You're actually saying that you would, to make the full synthetic version, you would have to go as far as actually simulating the molecules of the neurotransmitters and stuff as well?
- I'm not saying that you would have to do that.
But I'm saying you could imagine, you could imagine- - In theory. - Yeah.
That you have done this and you have, you know, an incredibly high fidelity simulation of a human brain.
You're running in digital form.
And I think I, and many people have the intuition that, you know, it's quite likely that there would be, you know, some kind of conscious experience there.
And you know, an intuition that many people draw from there is this question of replacement where if you went, you know, neuron by neuron in the brain and replaced those one by one with some digital chip and you all along the way, you continued to be you and communicate and function in exactly the same way.
Then you, when you got to the end of that process and all of your neurons were replaced by, you know, digital structures and you know, you're still exactly the same person living exactly the same life.
I think many people's intuition would be that you're not much has changed for you in terms of your conscious experience.
- Okay, well, let's talk about another objection that relates to biology, which is I think what people would describe as embodied cognition.
You hear people talk about, you hear people talk about embodied cognition, which is it only makes sense to talk about our consciousness in the fact that we have a body, we have senses, we have lots of sense data coming in.
We've got proprioception of like where our body is in space.
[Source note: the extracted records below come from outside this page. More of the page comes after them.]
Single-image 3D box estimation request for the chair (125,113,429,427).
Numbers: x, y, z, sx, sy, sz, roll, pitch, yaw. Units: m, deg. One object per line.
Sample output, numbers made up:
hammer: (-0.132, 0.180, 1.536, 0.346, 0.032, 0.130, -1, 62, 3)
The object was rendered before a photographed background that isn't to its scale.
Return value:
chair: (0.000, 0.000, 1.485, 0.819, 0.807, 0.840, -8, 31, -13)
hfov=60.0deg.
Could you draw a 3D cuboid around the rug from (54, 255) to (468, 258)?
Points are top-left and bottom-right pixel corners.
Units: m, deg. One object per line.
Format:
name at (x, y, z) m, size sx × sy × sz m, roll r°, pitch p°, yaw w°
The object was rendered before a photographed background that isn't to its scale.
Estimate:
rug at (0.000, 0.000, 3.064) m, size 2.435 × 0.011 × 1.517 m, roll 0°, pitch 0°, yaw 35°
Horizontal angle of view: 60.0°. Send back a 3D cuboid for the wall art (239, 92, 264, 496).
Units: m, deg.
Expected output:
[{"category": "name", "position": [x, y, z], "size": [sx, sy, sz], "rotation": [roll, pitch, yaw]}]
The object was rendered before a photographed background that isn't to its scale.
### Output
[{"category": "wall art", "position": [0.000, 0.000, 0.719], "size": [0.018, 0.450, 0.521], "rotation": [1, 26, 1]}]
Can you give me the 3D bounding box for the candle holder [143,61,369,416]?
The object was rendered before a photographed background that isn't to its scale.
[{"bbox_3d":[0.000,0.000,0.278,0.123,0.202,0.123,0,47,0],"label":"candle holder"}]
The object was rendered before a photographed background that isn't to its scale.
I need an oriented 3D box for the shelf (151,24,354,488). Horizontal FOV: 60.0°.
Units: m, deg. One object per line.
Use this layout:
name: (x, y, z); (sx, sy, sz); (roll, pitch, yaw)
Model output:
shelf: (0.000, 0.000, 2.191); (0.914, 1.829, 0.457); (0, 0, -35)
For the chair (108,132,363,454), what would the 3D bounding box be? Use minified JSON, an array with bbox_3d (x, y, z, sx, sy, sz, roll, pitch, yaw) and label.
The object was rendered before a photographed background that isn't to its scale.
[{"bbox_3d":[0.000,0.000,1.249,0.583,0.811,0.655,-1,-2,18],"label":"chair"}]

We've got all these different things going on that there's just no analog to in an AI model for now.
There's no AI.
There's an analog to vision.
We've got AI models that are amazing at looking at things and interpreting that.
And some models can do moving videos and some models can interpret sound and, you know, so perhaps we're getting closer to it, but the overall experience of being a human is just, is really very different- - Yeah.
- From an animal because we have a body.
- Yeah, well, you touched on a couple of distinct things there.
One is this question of embodiment, like do we have, you know, some physical body.
And, you know, robots are like a pretty, you know, compelling example of cases in which, you know, digital systems can have some form of physical body.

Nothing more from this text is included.